The government must rule out a no-deal Brexit to end the uncertainty that is gripping business and local government services, a former head of the civil service has said.
Bob Kerslake also called for a fresh referendum on Britain’s membership of the EU, denying it would itself prolong the uncertainty even though it might take as long as a year to organise
Where else do we go? A huge amount of quite unnecessary fear is being created among the public … The government can stop this now.
Related: End uncertainty over no-deal Brexit, says ex-civil service chief
On the central question of Brexit – how closely the UK will align with the EU on customs and rules – the political declaration merely says that there are ‘a spectrum of different outcomes’. That the country is being asked to embrace this uncertainty, or risk the disaster of a no-deal outcome, is extraordinary.

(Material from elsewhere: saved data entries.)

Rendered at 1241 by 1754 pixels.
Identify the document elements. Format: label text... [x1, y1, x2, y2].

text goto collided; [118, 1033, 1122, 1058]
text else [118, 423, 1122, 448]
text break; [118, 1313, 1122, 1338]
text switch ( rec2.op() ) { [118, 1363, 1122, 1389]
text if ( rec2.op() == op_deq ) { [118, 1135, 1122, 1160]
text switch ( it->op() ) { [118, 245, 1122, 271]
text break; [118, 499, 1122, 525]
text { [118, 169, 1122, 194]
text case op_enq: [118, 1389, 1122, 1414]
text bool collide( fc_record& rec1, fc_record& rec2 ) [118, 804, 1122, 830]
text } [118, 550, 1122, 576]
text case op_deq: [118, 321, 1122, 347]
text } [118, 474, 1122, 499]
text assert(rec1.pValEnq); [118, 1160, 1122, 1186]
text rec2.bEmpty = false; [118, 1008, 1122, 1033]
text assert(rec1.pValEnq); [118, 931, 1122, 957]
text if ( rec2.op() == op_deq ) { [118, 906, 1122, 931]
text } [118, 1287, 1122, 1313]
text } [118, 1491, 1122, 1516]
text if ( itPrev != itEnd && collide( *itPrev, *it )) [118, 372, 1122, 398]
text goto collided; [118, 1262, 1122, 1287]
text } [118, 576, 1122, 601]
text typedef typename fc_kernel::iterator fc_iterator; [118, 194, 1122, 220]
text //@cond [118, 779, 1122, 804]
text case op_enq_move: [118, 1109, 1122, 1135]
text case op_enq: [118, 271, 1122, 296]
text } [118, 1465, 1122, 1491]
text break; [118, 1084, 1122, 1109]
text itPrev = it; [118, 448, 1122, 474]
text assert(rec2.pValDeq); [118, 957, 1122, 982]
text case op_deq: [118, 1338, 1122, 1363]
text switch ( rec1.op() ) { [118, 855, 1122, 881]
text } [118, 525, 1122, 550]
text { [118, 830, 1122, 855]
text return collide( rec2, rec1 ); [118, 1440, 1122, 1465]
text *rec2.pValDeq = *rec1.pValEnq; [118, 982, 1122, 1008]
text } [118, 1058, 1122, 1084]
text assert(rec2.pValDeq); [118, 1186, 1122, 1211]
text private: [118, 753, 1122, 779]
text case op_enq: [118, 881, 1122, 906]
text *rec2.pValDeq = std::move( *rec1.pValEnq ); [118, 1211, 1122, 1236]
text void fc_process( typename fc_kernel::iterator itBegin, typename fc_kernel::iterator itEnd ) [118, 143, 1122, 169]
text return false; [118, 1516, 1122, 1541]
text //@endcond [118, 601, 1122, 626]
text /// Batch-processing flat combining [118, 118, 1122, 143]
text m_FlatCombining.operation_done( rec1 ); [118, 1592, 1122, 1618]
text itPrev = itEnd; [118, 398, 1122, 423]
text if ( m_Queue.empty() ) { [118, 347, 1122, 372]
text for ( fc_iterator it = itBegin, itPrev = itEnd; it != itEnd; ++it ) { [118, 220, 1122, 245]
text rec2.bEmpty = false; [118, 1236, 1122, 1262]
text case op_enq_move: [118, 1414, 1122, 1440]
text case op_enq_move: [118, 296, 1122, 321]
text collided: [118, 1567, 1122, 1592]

The shadow chancellor has been busy this morning. He was also on Sky News, where he claimed that the decision by Liverpool Wavertree constituency Labour party to subject MP Luciana Berger to a no confidence vote was unrelated to her criticism of Jeremy Corbyn over antisemitism.
McDonnell said:
If people are saying ‘look, we are expressing a vote of no confidence because Luciana has stood up and exposed anti-Semitism in our party’, that would be completely wrong and, of course, we would say that is not right.
But it looks as though there’s other issues. It seems on social media, from what I’ve seen, what’s happened is Luciana has been associated in the media with a breakaway party.

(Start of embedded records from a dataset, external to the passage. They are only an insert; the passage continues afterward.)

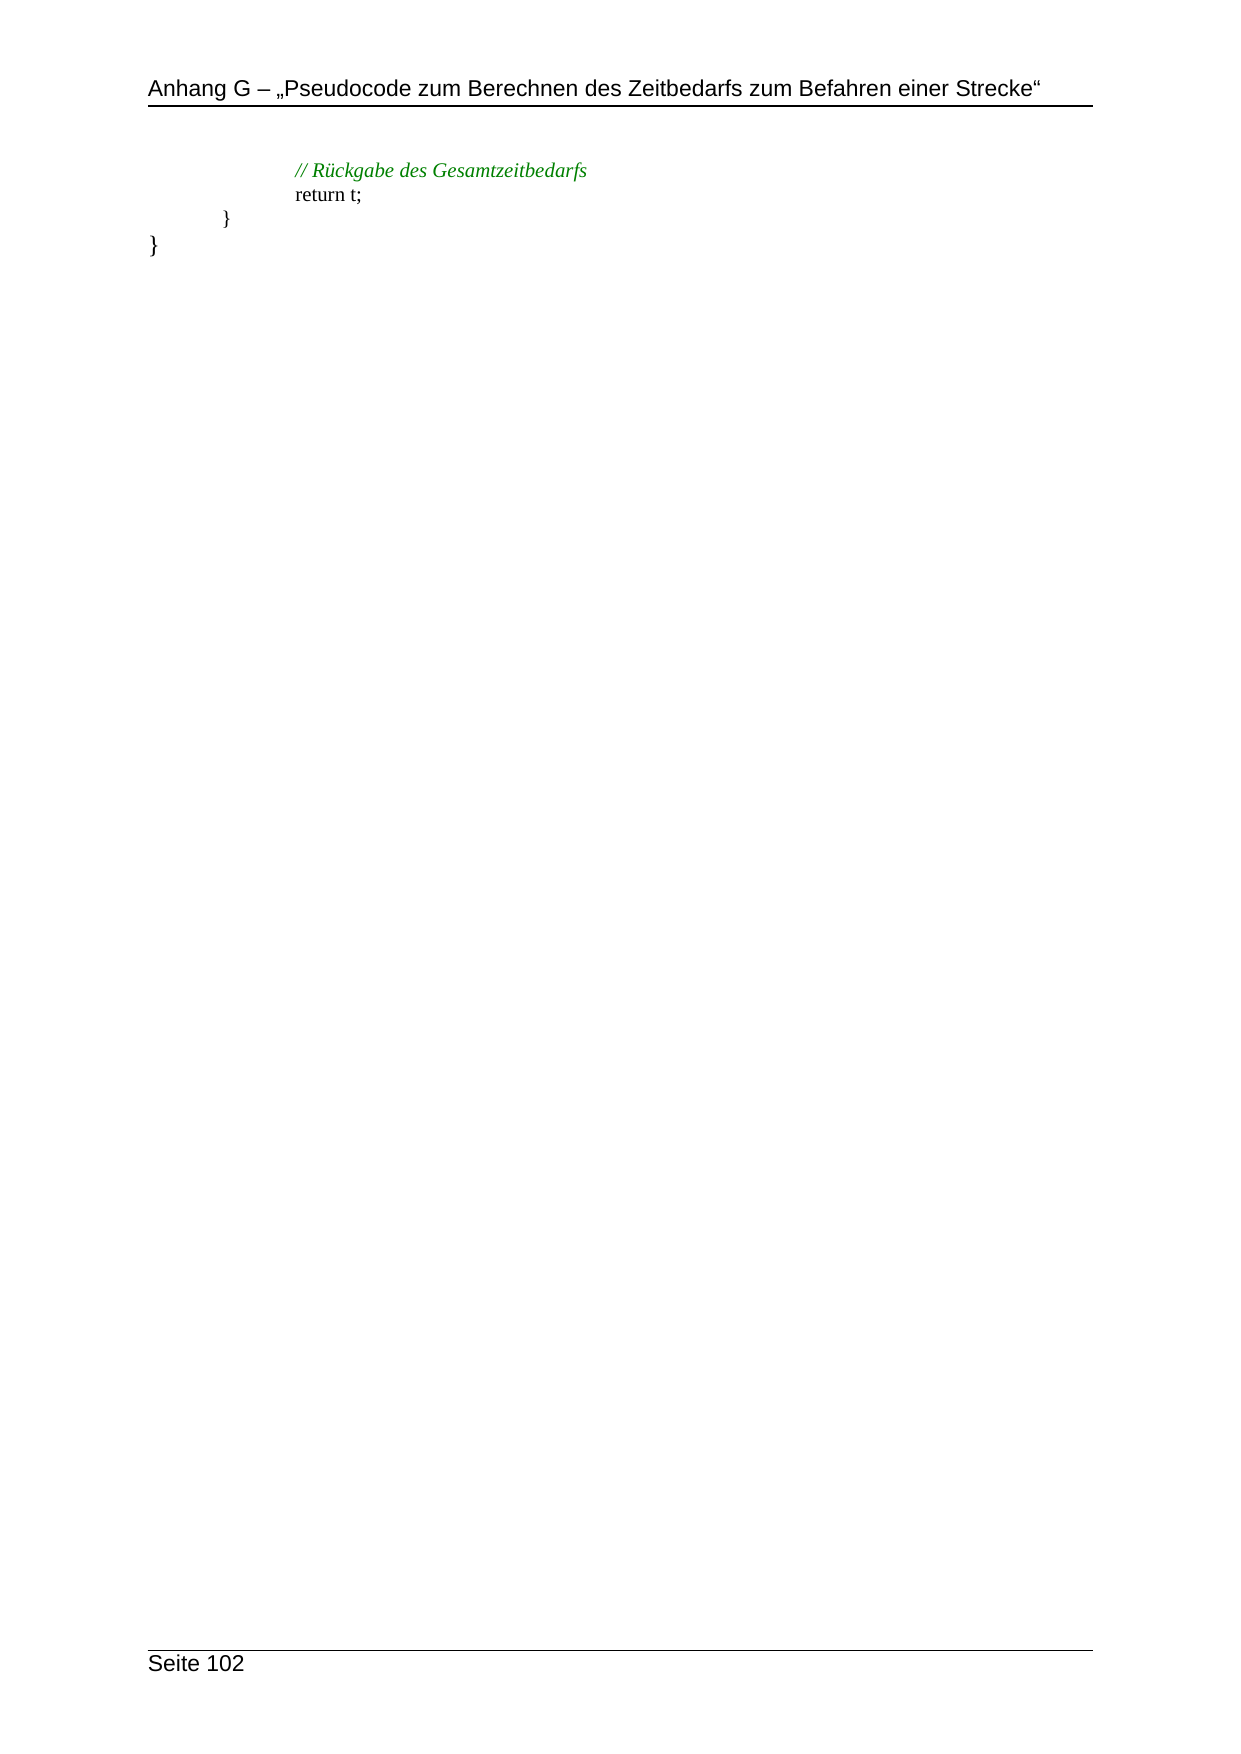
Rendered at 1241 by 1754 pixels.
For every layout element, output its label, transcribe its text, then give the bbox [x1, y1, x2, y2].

text } [148, 230, 1093, 259]
text return t; [148, 182, 1093, 206]
text // Rückgabe des Gesamtzeitbedarfs [148, 158, 1093, 182]
text } [148, 206, 1093, 230]

Completely disingenuous of John McDonnell & others to say the Wavertree CLP motion has nothing to do with antisemitism when that’s clearly partly the motivation dressed up behind the breakaway claims.
This is pretty disingenuous of John McDonnell. The motions make no mention of a new party, but are about Luciana Berger criticising Jeremy Corbyn and, her critics claim, not doing enough to force an election or attack the Tories. https://t.co/C8QtFveanI
Good morning, Andrew is off today and on Monday so I’m stepping into his sizeable shoes for both days. Regulars will know that this blog attracts a lot of comments so if you want to get my attention it might be easiest to Tweet me.

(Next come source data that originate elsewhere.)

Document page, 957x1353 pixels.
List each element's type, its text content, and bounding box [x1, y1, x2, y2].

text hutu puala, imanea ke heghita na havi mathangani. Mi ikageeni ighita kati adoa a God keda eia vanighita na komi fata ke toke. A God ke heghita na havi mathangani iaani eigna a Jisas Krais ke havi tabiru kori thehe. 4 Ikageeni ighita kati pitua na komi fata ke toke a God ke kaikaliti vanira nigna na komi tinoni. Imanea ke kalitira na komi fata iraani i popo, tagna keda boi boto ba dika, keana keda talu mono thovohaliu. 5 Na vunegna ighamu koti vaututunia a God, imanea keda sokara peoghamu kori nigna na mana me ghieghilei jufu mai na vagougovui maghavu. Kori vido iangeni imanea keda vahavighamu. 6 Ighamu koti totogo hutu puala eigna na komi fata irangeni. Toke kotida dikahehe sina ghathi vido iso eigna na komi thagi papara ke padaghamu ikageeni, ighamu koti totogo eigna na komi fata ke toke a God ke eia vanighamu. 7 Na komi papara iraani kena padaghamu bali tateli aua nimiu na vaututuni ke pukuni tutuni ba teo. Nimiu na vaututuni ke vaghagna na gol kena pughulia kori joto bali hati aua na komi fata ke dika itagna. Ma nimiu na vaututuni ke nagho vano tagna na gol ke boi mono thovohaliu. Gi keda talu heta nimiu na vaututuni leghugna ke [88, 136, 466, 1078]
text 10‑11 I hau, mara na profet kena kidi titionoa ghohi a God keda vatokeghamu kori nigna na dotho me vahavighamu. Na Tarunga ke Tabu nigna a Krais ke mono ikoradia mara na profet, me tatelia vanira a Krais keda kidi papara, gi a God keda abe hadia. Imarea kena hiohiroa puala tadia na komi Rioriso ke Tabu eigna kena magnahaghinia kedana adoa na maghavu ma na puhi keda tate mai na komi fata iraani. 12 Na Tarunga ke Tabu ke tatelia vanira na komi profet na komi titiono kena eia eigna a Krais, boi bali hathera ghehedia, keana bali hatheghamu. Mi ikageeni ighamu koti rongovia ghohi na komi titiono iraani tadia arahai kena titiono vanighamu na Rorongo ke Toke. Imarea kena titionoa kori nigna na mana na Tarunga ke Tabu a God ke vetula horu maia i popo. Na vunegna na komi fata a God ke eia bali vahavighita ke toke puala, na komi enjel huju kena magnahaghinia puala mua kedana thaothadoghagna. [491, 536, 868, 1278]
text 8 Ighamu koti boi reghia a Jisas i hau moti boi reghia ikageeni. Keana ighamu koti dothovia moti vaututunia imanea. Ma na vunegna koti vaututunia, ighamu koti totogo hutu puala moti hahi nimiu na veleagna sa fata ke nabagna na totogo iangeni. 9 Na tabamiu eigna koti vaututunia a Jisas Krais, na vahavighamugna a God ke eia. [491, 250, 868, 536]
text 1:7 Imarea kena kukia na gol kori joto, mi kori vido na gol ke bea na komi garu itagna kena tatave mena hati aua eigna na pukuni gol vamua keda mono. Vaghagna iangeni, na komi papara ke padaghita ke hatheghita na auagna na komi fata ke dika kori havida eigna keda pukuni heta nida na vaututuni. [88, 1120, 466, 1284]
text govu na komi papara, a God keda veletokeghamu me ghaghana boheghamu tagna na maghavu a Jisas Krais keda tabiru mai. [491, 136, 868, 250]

The shadow chancellor, John McDonnell, has said this morning that Theresa May must accept Labour’s five demands to get her Brexit deal through or else a second referendum will be necessary
If Theresa May said ‘I’ll sign up to Labour’s deal’ and we went to parliament, I think we would have a secure parliamentary majority.
But we’re at that stage now where we’re saying very clearly to everybody that people have looked over the edge of a no-deal Brexit and it could be catastrophic for our economy ...In the national interest we have got to come together to secure a compromise, and then if we can’t do that, well yes, we have to go back to the people.